Richet’s multiyear inquiries into those varied responses—done partly by exposing dogs to repeated injections of jellyfish toxins—would open the way to the medical profession’s understanding of anaphylactic shock. The work would also win him the Nobel Prize for Medicine in 1913 and a reputation as a world-class scientist long before that. Many of his colleagues wished that a scientist of Richet’s caliber would abandon the peculiarities of psychical research. But his reputation made him—and his protégé—difficult to ignore.

MEDIUMS WERE PECULIAR creatures; there was no denying it about even the best of them. How could they not be? They spent hours of their time surrounded by people desperate to talk with the dead. They fell into trances reputedly inhabited by ghosts. They agreed to be hogtied by investigating scientists. Skeptics mocked them; journalists parodied them; former friends feared them. One had to wonder why anyone would choose to become a medium.
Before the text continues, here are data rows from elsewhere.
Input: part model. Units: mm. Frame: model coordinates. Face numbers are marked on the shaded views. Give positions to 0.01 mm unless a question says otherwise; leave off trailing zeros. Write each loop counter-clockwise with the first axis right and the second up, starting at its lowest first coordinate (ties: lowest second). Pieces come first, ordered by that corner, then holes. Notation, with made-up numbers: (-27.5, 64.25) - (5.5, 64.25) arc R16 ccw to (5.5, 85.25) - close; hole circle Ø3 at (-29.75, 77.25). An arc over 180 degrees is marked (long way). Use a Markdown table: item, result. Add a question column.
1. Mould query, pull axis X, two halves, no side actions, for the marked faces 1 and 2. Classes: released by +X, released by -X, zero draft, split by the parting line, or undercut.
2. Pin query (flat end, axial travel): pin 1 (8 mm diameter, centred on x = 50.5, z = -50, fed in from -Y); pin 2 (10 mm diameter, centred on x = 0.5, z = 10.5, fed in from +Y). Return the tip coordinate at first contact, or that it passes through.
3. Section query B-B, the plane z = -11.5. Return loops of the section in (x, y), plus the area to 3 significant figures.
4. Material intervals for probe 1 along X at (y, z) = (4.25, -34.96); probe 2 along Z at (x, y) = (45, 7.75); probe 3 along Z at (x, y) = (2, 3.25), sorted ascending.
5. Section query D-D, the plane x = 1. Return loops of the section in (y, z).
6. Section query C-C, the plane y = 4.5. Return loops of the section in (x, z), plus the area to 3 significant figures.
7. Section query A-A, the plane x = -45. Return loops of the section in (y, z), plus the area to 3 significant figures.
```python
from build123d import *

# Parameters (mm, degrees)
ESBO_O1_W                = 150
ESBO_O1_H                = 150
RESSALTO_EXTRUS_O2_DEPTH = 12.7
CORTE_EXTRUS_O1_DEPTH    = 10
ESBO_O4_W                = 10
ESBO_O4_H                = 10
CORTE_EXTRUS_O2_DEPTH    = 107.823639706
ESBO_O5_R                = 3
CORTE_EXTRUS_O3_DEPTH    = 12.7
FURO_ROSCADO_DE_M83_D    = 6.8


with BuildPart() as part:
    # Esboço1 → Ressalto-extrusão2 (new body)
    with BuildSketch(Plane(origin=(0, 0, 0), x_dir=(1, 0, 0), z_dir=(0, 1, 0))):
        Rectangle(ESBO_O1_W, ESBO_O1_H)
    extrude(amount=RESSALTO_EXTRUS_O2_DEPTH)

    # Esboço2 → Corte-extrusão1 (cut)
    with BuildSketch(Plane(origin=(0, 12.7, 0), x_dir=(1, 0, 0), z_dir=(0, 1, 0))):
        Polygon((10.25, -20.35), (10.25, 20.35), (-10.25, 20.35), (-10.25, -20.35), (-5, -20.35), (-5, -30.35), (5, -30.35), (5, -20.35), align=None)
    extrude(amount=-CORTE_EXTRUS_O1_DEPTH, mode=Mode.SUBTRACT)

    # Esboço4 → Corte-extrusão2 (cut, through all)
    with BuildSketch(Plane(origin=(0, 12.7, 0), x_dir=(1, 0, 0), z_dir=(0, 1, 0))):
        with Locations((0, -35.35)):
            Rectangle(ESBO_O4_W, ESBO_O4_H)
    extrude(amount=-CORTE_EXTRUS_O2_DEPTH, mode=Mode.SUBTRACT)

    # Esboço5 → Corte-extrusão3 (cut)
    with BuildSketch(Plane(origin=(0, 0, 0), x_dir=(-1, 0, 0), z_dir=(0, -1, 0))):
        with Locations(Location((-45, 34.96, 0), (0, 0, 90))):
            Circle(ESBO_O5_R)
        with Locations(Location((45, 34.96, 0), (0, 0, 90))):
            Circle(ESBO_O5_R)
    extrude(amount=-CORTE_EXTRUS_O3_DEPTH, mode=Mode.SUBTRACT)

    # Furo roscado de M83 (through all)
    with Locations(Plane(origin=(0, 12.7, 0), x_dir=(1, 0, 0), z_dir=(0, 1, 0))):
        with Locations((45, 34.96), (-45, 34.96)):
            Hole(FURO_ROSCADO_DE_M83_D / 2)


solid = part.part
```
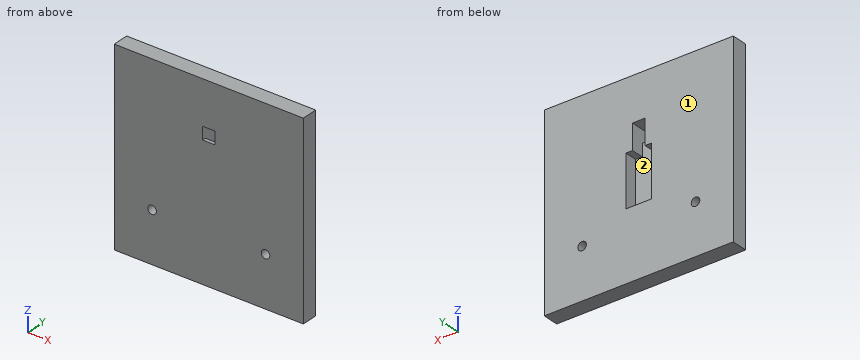
Result sheet:
| question | item | result |
|---|---|---|
| 1 | face 1 | zero draft |
| 1 | face 2 | undercut |
| 2 | pin 1 | stops at y = 0 |
| 2 | pin 2 | stops at y = 2.7 |
| 3 | outline | (-75, 0) - (75, 0) - (75, 12.7) - (10.25, 12.7) - (10.25, 2.7) - (-10.25, 2.7) - (-10.25, 12.7) - (-75, 12.7) - close |
| 3 | area | 1,700 mm² |
| 4 | probe 1 | x = -75 to -48.4, -41.6 to 41.6, 48.4 to 75 |
| 4 | probe 2 | z = -75 to -38.36, -31.56 to 75 |
| 4 | probe 3 | z = -75 to -20.35, 40.35 to 75 |
| 5 | outline | (0, -75) - (12.7, -75) - (12.7, -20.35) - (2.7, -20.35) - (2.7, 30.35) - (0, 30.35) - close; (0, 40.35) - (12.7, 40.35) - (12.7, 75) - (0, 75) - close |
| 6 | outline | (-75, -75) - (75, -75) - (75, 75) - (-75, 75) - close; hole circle Ø6.8 at (-45, -34.96); hole (-10.25, -20.35) - (10.25, -20.35) - (10.25, 20.35) - (5, 20.35) - (5, 40.35) - (-5, 40.35) - (-5, 20.35) - (-10.25, 20.35) - close; hole circle Ø6.8 at (45, -34.96) |
| 6 | area | 21,400 mm² |
| 7 | outline | (0, -75) - (12.7, -75) - (12.7, -38.36) - (0, -38.36) - close; (0, -31.56) - (12.7, -31.56) - (12.7, 75) - (0, 75) - close |
| 7 | area | 1,820 mm² |

The sad and strange story of the Fox sisters was a case in point. Neither had become wealthy by pursuing such a career. Both had died paupers’ deaths in the early 1890s—Kate at the age of fifty-two, Maggie at the age of fifty-five. Kate’s body, reeking of old dirt and cheap gin, had been found on a sidewalk. Maggie had died in a tenement house in lower Manhattan, virtually alone.

Many in the spiritualist community had never forgiven the Fox sisters for their betrayal. Isaac Funk, of Funk & Wagnall’s publishing house, expressed the widely held opinion that Margaret, especially, had betrayed the faith to feed her bad habits: “So low had this unfortunate woman sunk that for five dollars she would have denied her mother, sworn to anything,” he wrote. But there were still those who believed that the Fox sisters had once been gifted, had been betrayed themselves by all those who used them for financial gain and promotional purposes. More than ten years after the Fox sisters died, schoolchildren playing in the abandoned cellar of the old Fox “spook house” found the complete skeleton of a man hidden behind a crumbling wall; apparently that of the murdered peddler they had first claimed to hear rapping. “Repeated [earlier] excavations failed to locate the body and thus give proof positive of their story,” reported the Boston Journal, calling the discovery a reminder that not all about the Fox sisters had been false.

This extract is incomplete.